Of the lines below, report only those that contain "listed".

══ RECORDS TO PROCESS

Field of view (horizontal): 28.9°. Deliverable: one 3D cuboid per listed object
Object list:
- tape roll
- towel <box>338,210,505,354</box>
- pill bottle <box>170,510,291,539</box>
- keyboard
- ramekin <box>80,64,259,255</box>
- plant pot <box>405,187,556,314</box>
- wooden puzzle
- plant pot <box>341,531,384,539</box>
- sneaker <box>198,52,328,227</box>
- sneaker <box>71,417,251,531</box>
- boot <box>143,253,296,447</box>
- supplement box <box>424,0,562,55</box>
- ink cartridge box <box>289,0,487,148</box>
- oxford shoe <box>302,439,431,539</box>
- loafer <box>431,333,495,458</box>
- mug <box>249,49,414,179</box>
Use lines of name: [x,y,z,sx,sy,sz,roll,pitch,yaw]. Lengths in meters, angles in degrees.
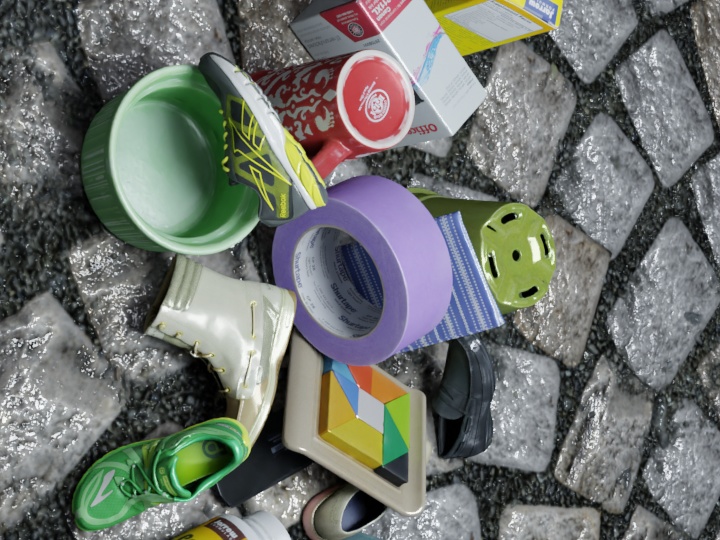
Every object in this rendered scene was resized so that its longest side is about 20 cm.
tape roll: [0.000,0.000,1.569,0.085,0.199,0.201,-28,103,-45]
towel: [0.060,0.020,1.624,0.024,0.199,0.146,-36,107,-52]
pill bottle: [-0.168,0.329,1.473,0.199,0.109,0.110,-23,100,-37]
keyboard: [-0.100,0.176,1.597,0.199,0.021,0.128,-25,102,-37]
ramekin: [-0.201,-0.113,1.495,0.199,0.097,0.202,4,83,-37]
plant pot: [0.128,-0.012,1.681,0.199,0.189,0.202,4,83,-36]
wooden puzzle: [0.001,0.167,1.612,0.199,0.037,0.186,32,40,-27]
plant pot: [0.032,0.431,1.561,0.196,0.199,0.197,-42,110,-31]
sneaker: [-0.117,-0.134,1.452,0.084,0.074,0.201,-35,90,4]
sneaker: [-0.209,0.208,1.440,0.199,0.084,0.074,-26,94,-4]
boot: [-0.165,0.095,1.510,0.154,0.072,0.201,20,77,-21]
supplement box: [0.145,-0.346,1.717,0.108,0.199,0.110,20,74,-35]
ink cartridge box: [0.034,-0.249,1.657,0.200,0.145,0.083,52,60,-21]
oxford shoe: [0.025,0.259,1.650,0.200,0.074,0.071,-37,108,-33]
loafer: [0.122,0.155,1.698,0.070,0.068,0.201,-21,132,-19]
mug: [-0.040,-0.153,1.558,0.133,0.199,0.179,3,84,-38]
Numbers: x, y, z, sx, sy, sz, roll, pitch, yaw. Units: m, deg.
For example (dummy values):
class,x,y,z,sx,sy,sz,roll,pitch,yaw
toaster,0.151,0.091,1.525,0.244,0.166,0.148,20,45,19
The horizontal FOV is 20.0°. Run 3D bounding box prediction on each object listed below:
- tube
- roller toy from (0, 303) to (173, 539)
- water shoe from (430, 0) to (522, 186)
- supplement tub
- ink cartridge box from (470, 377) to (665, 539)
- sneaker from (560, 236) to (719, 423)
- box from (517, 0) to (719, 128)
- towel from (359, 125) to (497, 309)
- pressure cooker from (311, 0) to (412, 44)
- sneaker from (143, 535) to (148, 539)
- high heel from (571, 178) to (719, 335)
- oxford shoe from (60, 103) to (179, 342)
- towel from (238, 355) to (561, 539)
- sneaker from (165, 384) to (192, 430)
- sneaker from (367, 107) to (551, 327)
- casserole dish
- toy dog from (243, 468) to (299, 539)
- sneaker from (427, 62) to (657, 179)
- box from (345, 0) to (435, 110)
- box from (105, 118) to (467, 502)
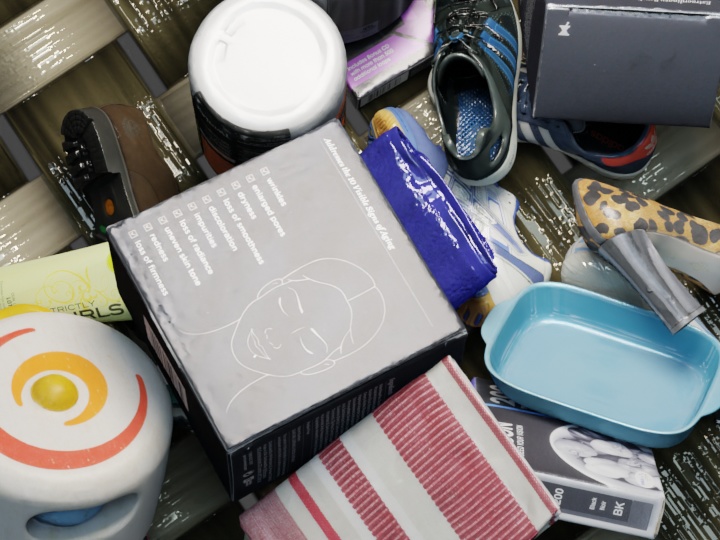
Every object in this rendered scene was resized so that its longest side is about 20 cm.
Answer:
class,x,y,z,sx,sy,sz,roll,pitch,yaw
tube,-0.233,0.014,1.621,0.199,0.058,0.052,-9,58,16
roller toy,-0.234,0.128,1.542,0.182,0.140,0.200,23,45,7
water shoe,0.092,-0.170,1.646,0.071,0.079,0.201,-12,67,13
supplement tub,-0.071,-0.132,1.617,0.122,0.200,0.123,0,75,-1
ink cartridge box,0.127,0.137,1.574,0.199,0.198,0.044,11,104,0
sneaker,0.250,0.043,1.667,0.200,0.072,0.073,44,46,-1
box,0.207,-0.212,1.647,0.147,0.105,0.201,4,36,-1
towel,0.000,0.000,1.639,0.200,0.049,0.148,-37,76,18
pressure cooker,-0.023,-0.284,1.620,0.178,0.200,0.176,35,81,6
sneaker,-0.203,0.209,1.610,0.199,0.079,0.096,20,66,0
high heel,0.256,-0.044,1.647,0.143,0.071,0.200,51,41,7
oxford shoe,-0.173,-0.040,1.660,0.084,0.072,0.201,-17,96,-42
towel,0.028,0.177,1.470,0.200,0.023,0.144,-38,78,9
sneaker,-0.081,0.084,1.615,0.199,0.077,0.080,-12,76,13
sneaker,0.081,-0.052,1.685,0.088,0.075,0.201,-27,82,-25
casserole dish,0.190,0.078,1.602,0.199,0.039,0.121,19,49,18
toy dog,0.010,0.216,1.558,0.199,0.194,0.141,3,90,-8
sneaker,0.153,-0.139,1.690,0.199,0.085,0.075,17,78,1
box,0.005,-0.257,1.734,0.142,0.036,0.201,-31,80,-9
box,-0.056,0.029,1.515,0.196,0.124,0.201,-26,70,-12

════

■ **SOLUTION TO THIS TASK**
Field of view (horizontal): 28.9°. Deliverable: one 3D cuboid per listed object
The horizontal FOV is 20.0°. Run 3D bounding box prediction on each object listed below:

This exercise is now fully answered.